● WHAT YOU HAVE TO DO: An exact transcription of the lines from the one holding "the large cylinder?" to the end of the entries below, and nothing more, is the required answer. Please omit the pictures.
**** DATA EXCERPTS ****
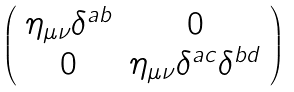Convert formula to latex. <formula><loc_0><loc_0><loc_500><loc_500>\left ( \begin{array} { c c } \eta _ { \mu \nu } \delta ^ { a b } & 0 \\ 0 & \eta _ { \mu \nu } \delta ^ { a c } \delta ^ { b d } \\ \end{array} \right )</formula> 
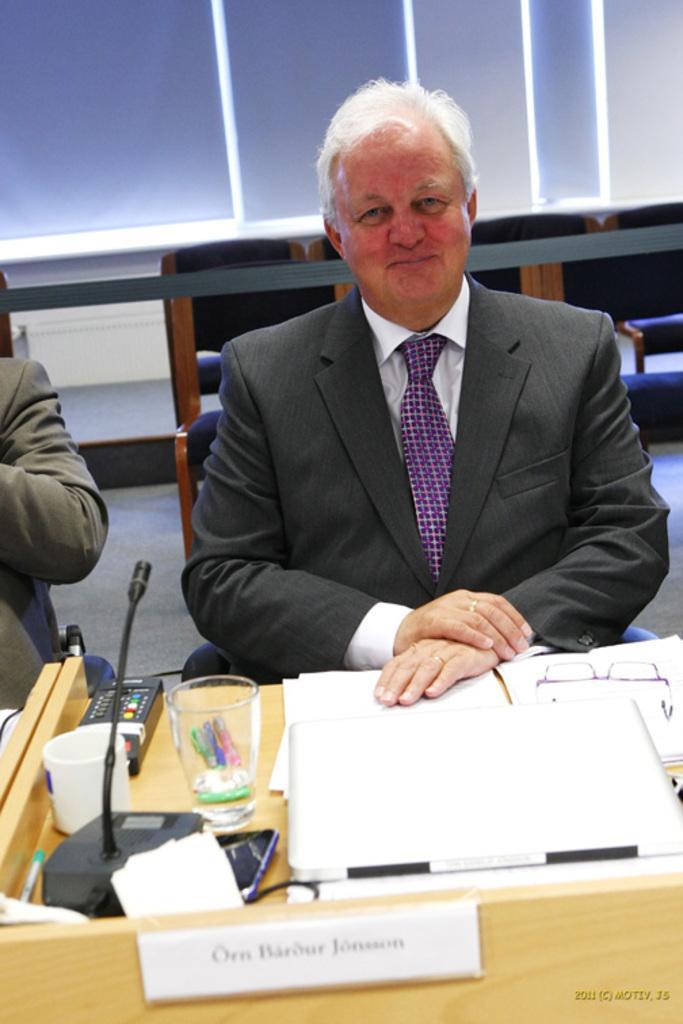In one or two sentences, can you explain what this image depicts? There is a man sitting on chair and smiling, beside him we can see another person. We can see papers, board, microphone and object on the table. In the background we can see wall and chairs. 
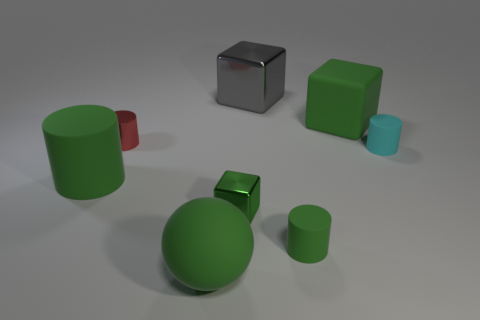There is a matte thing on the left side of the small metallic cylinder in front of the green rubber block; what color is it?
Make the answer very short. Green. How many small objects are either yellow matte blocks or red objects?
Offer a terse response. 1. What color is the cylinder that is both in front of the metal cylinder and to the left of the big green rubber sphere?
Keep it short and to the point. Green. Are the small green cylinder and the big gray thing made of the same material?
Ensure brevity in your answer.  No. What is the shape of the tiny red object?
Give a very brief answer. Cylinder. What number of small rubber objects are to the left of the green cylinder in front of the rubber cylinder that is left of the gray block?
Your response must be concise. 0. What color is the rubber object that is the same shape as the green metallic thing?
Provide a succinct answer. Green. There is a green object right of the green rubber cylinder right of the metallic cube that is to the right of the tiny block; what is its shape?
Keep it short and to the point. Cube. There is a thing that is behind the cyan matte cylinder and to the left of the big green sphere; what size is it?
Your answer should be very brief. Small. Is the number of big matte blocks less than the number of green matte cylinders?
Your answer should be very brief. Yes. 
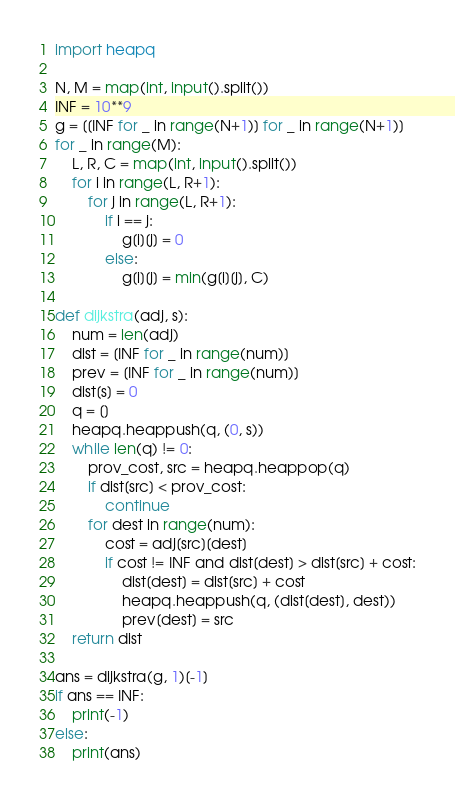Convert code to text. <code><loc_0><loc_0><loc_500><loc_500><_Python_>import heapq

N, M = map(int, input().split())
INF = 10**9
g = [[INF for _ in range(N+1)] for _ in range(N+1)]
for _ in range(M):
    L, R, C = map(int, input().split())
    for i in range(L, R+1):
        for j in range(L, R+1):
            if i == j:
                g[i][j] = 0
            else:
                g[i][j] = min(g[i][j], C)

def dijkstra(adj, s):
    num = len(adj)
    dist = [INF for _ in range(num)]
    prev = [INF for _ in range(num)]
    dist[s] = 0
    q = []
    heapq.heappush(q, (0, s))
    while len(q) != 0:
        prov_cost, src = heapq.heappop(q)
        if dist[src] < prov_cost:
            continue
        for dest in range(num):
            cost = adj[src][dest]
            if cost != INF and dist[dest] > dist[src] + cost:
                dist[dest] = dist[src] + cost
                heapq.heappush(q, (dist[dest], dest))
                prev[dest] = src
    return dist

ans = dijkstra(g, 1)[-1]
if ans == INF:
    print(-1)
else:
    print(ans)</code> 
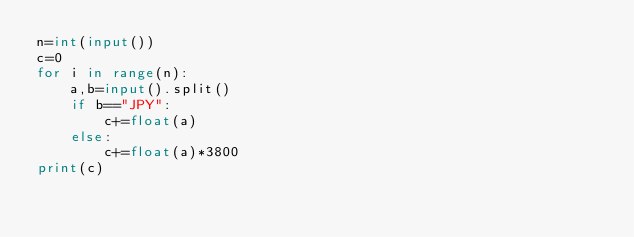<code> <loc_0><loc_0><loc_500><loc_500><_Python_>n=int(input())
c=0
for i in range(n):
    a,b=input().split()
    if b=="JPY":
        c+=float(a)
    else:
        c+=float(a)*3800
print(c)</code> 
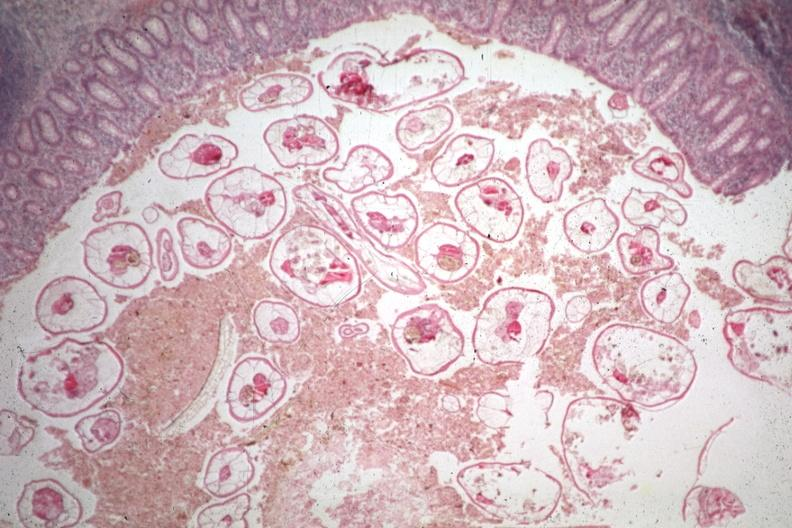does acid show typical excellent pinworm?
Answer the question using a single word or phrase. No 
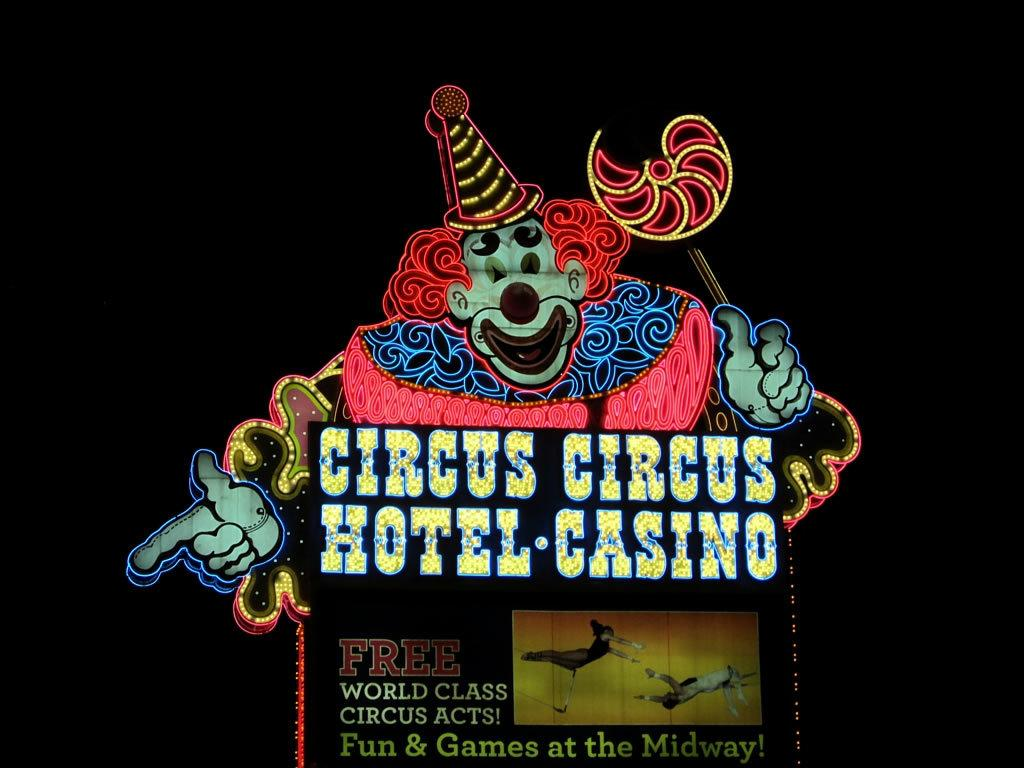<image>
Render a clear and concise summary of the photo. A sign outside Circus Circus Hotel and Casino. 
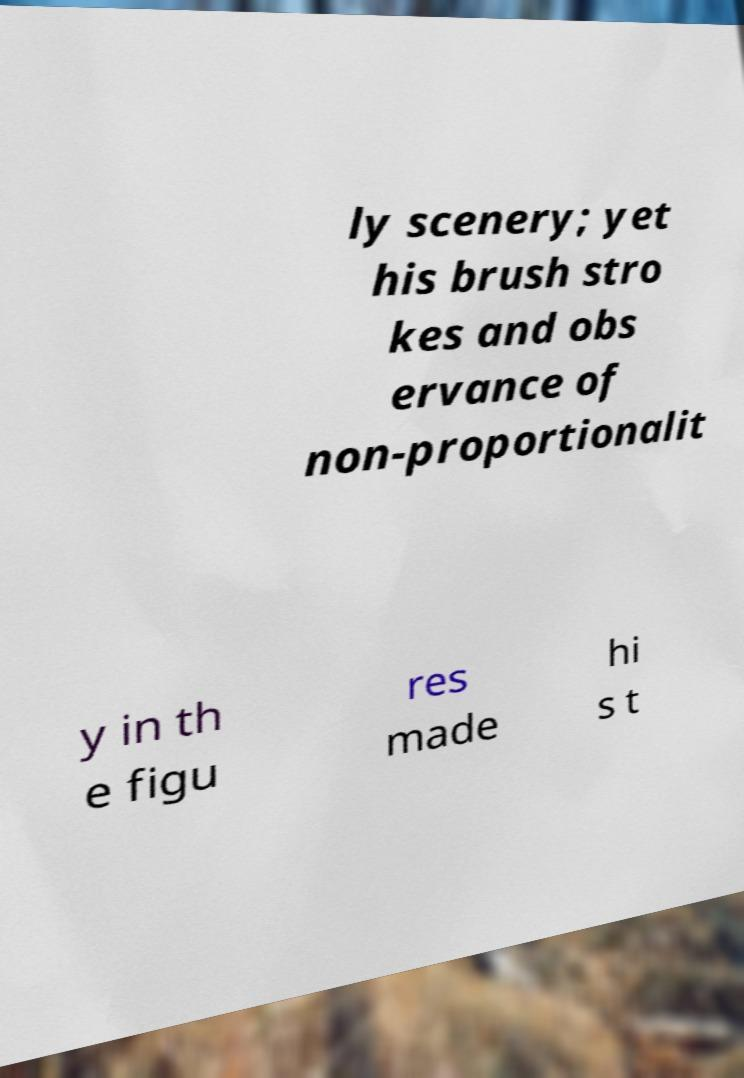What messages or text are displayed in this image? I need them in a readable, typed format. ly scenery; yet his brush stro kes and obs ervance of non-proportionalit y in th e figu res made hi s t 
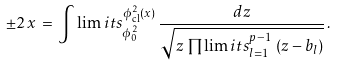<formula> <loc_0><loc_0><loc_500><loc_500>\pm 2 \, x \, = \, \int \lim i t s _ { \phi _ { 0 } ^ { 2 } } ^ { \phi _ { \text {cl} } ^ { 2 } ( x ) } \, \frac { d z } { \sqrt { \, z \, \prod \lim i t s _ { l = 1 } ^ { p - 1 } \, \left ( z - b _ { l } \right ) } } \, .</formula> 
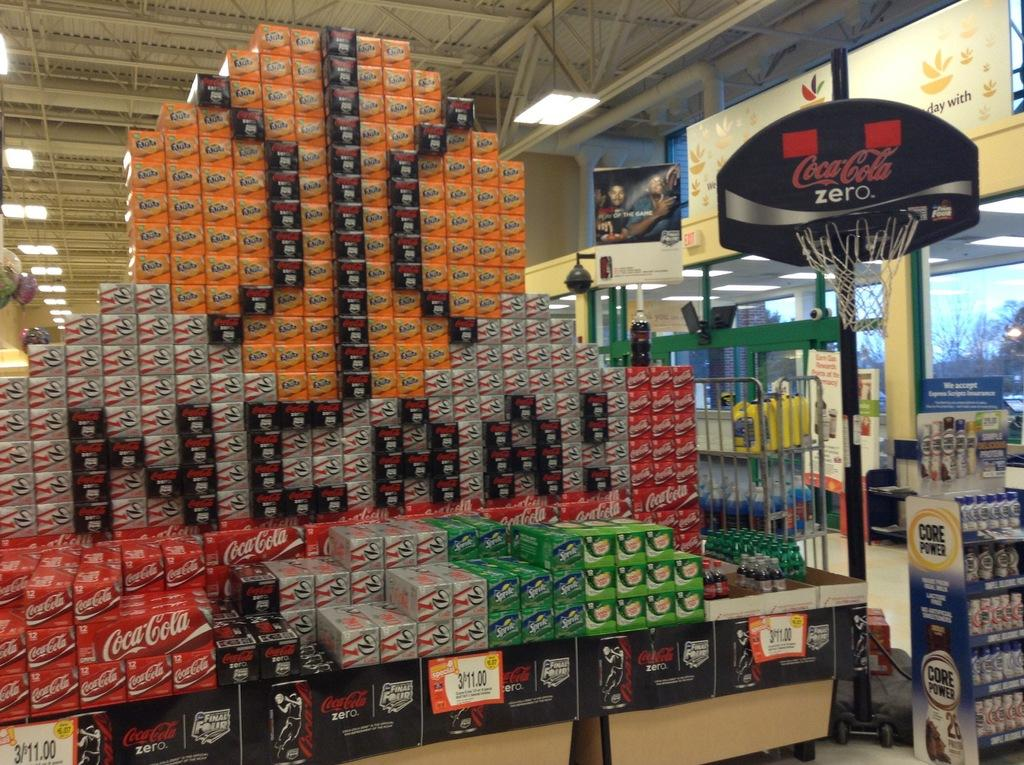<image>
Provide a brief description of the given image. a coke zero basketball net is beside a dispaly at a store 
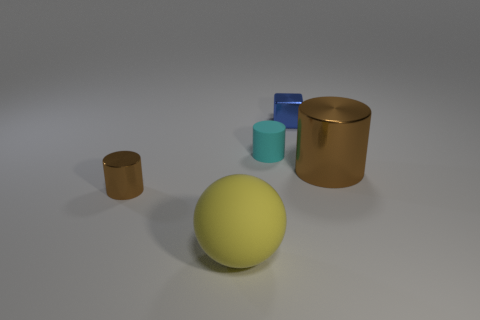Are there fewer yellow balls that are in front of the big yellow object than small red metal balls?
Provide a succinct answer. No. There is a matte thing behind the small object in front of the brown cylinder to the right of the small blue shiny object; how big is it?
Make the answer very short. Small. What is the color of the object that is behind the big brown thing and left of the tiny blue metallic object?
Your answer should be very brief. Cyan. How many large objects are there?
Ensure brevity in your answer.  2. Does the blue block have the same material as the large cylinder?
Give a very brief answer. Yes. There is a shiny object that is left of the small cube; is it the same size as the brown shiny cylinder that is on the right side of the yellow rubber thing?
Your answer should be very brief. No. Is the number of large shiny objects less than the number of tiny blue matte cylinders?
Provide a succinct answer. No. What number of metal objects are tiny cyan cylinders or big yellow objects?
Make the answer very short. 0. Are there any metal things that are left of the blue object behind the large metallic cylinder?
Your answer should be very brief. Yes. Are the tiny thing left of the large matte thing and the cube made of the same material?
Your answer should be compact. Yes. 
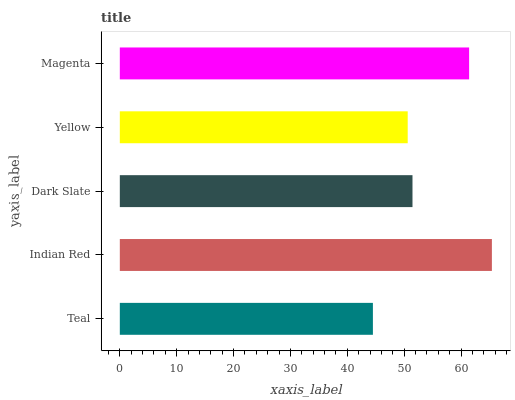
****
● TASK SOLUTION:
Ensure brevity in your answer.  2. Does the blue block have the same material as the large cylinder?
Give a very brief answer. Yes. There is a shiny object that is left of the small cube; is it the same size as the brown shiny cylinder that is on the right side of the yellow rubber thing?
Your answer should be very brief. No. Is the number of large shiny objects less than the number of tiny blue matte cylinders?
Provide a succinct answer. No. What number of metal objects are tiny cyan cylinders or big yellow objects?
Make the answer very short. 0. Are there any metal things that are left of the blue object behind the large metallic cylinder?
Your answer should be very brief. Yes. Are the tiny thing left of the large matte thing and the cube made of the same material?
Your answer should be compact. Yes. 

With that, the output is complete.